Je disais, dans mon article, entre autres, ceci :
{Le 28 juillet 1794, ayant comparu devant le Tribunal révolutionnaire, Maximilien Robespierre était exécuté avec les « robespierristes » après une arrestation violente à l'Hôtel-de-Ville de Paris, au cours de laquelle il aurait soit tenté de se suicider, soit reçu une balle dans la mâchoire tirée par le gendarme Méda, selon les versions. Mâchoire retenue par un bandage que le bourreau arrachera sans ménagement sur l'échafaud, découvrant aux yeux du peuple une blessure hideuse.

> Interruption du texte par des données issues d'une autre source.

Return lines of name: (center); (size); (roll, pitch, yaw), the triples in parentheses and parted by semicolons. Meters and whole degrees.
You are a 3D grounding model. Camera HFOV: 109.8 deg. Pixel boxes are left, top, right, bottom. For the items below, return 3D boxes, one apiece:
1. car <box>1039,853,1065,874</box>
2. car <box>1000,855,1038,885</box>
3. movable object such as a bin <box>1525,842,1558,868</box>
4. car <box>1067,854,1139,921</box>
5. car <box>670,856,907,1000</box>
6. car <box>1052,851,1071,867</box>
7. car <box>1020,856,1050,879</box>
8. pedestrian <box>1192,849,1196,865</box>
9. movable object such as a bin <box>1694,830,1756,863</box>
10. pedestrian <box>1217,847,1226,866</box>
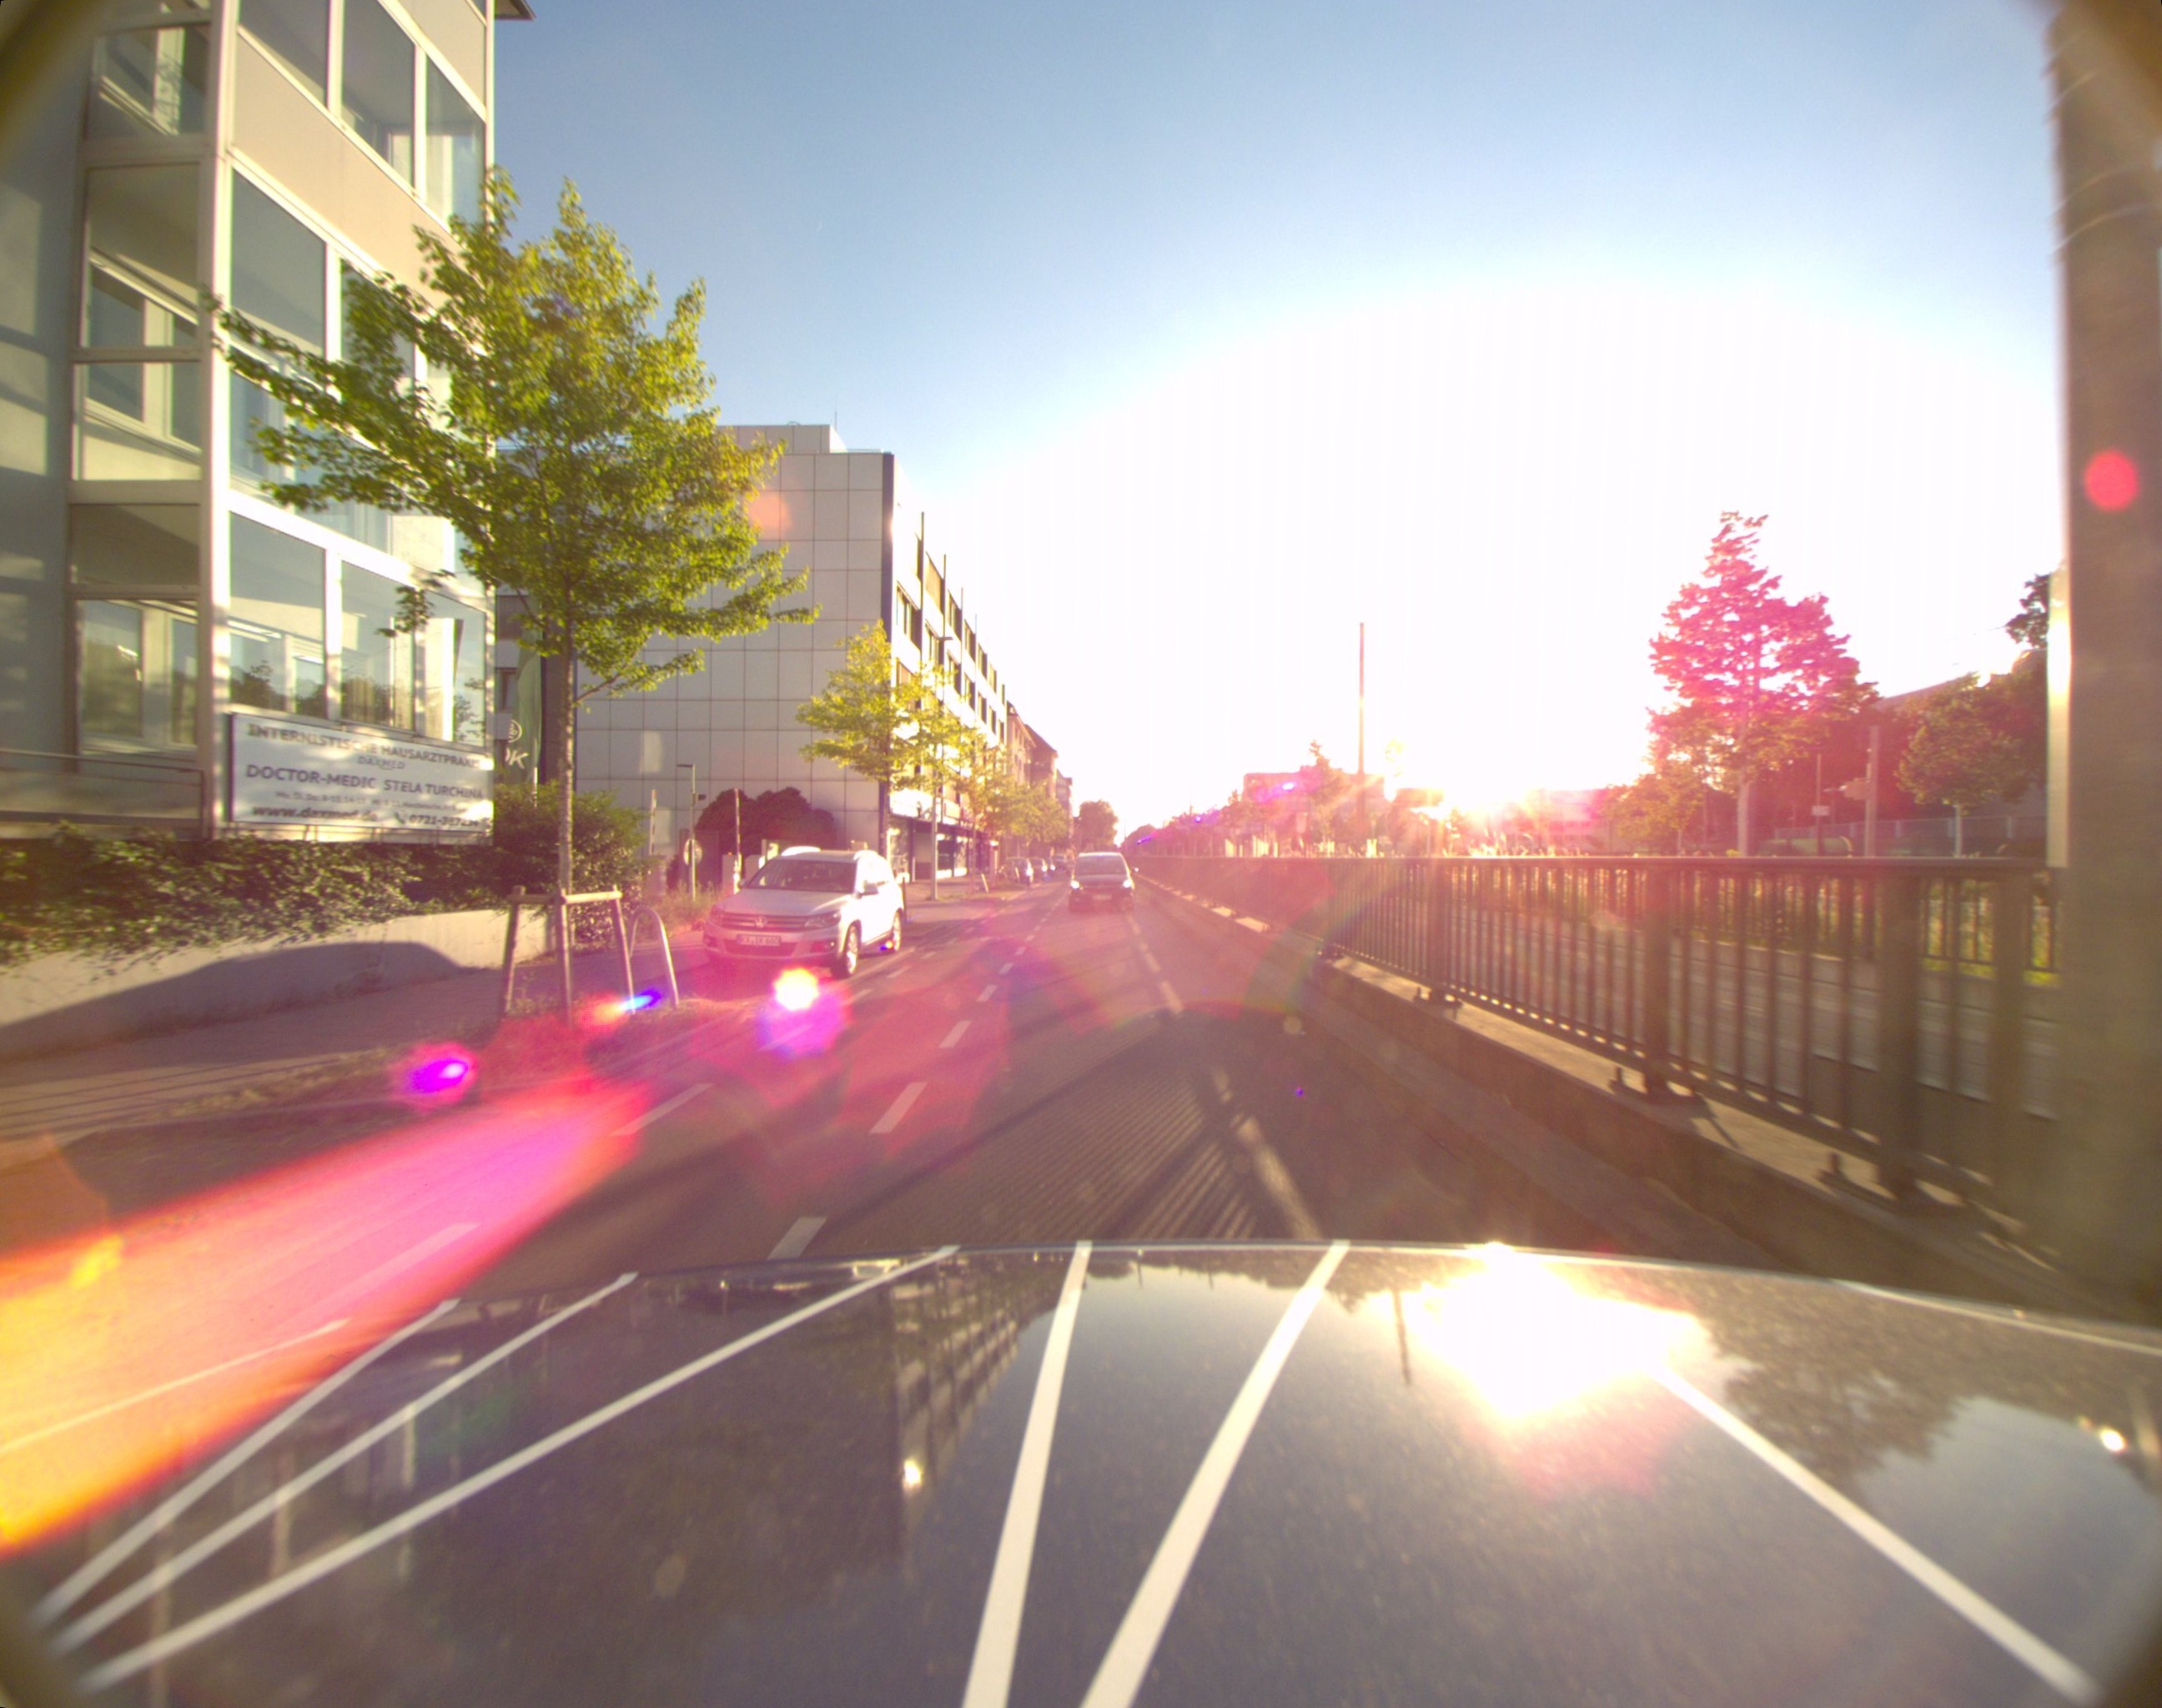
car: (-2.267, 0.717, 60.871); (1.824, 1.557, 4.809); (4, 0, -1)
car: (-3.230, 0.826, 40.374); (1.824, 1.446, 4.127); (1, 0, -3)
movable object such as a bin: (49.910, 0.100, 82.489); (1.996, 2.690, 4.004); (0, 0, 14)
car: (0.568, 0.848, 21.335); (1.800, 1.609, 4.386); (-1, 0, 0)
car: (-3.925, 0.875, 11.085); (1.859, 1.696, 4.253); (0, 0, -1)
car: (-2.120, 0.535, 83.327); (1.761, 1.644, 4.529); (2, 0, 1)
car: (-2.995, 0.856, 50.544); (1.687, 1.446, 4.129); (1, 0, 0)
pedestrian: (12.603, 0.326, 84.810); (0.472, 1.776, 0.626); (0, 1, 8)
movable object such as a bin: (54.059, -0.596, 63.904); (1.998, 2.690, 4.001); (0, 0, 3)
pedestrian: (12.806, 0.185, 69.209); (0.636, 1.719, 0.635); (0, 1, -11)

Robespierre – qui, jadis, prononça devant le lycée Louis-le-Grand, où il était élève, un éloge du roi Louis XVI qui passait par là : ironie de l'Histoire ! – est un homme politique peut-être sombre et controversé du roman national ; il n'en est pas moins d'une envergure indéniable. On pourra gloser sur sa froideur, sa cruauté, mais il est essentiel de mettre sa politique en parallèle avec la situation d'alors : la France est attaquée aux frontières par une coalition de puissances étrangères ; à l'intérieur, elle subit l'insurrection vendéenne (dont il ne faut pas ignorer au passage la quasi génocidaire répression) ; la Révolution est incapable de mener une politique unitaire, les factions s'entredéchirant. Dans ce maelstrom de l'Histoire, l'avocat d'Arras reste un fervent patriote […].
Croyant en un Être Suprême – donc en Dieu –, Robespierre fustigera la déchristianisation de la France comme contre-révolutionnaire, rappelant en même temps le principe de la liberté de culte. Il savait aussi certainement qu'on ne détricote pas le passé d'une Nation au risque de la précipiter dans le chaos. Chaque Nation possède un socle sans lequel on ne peut rien construire de viable.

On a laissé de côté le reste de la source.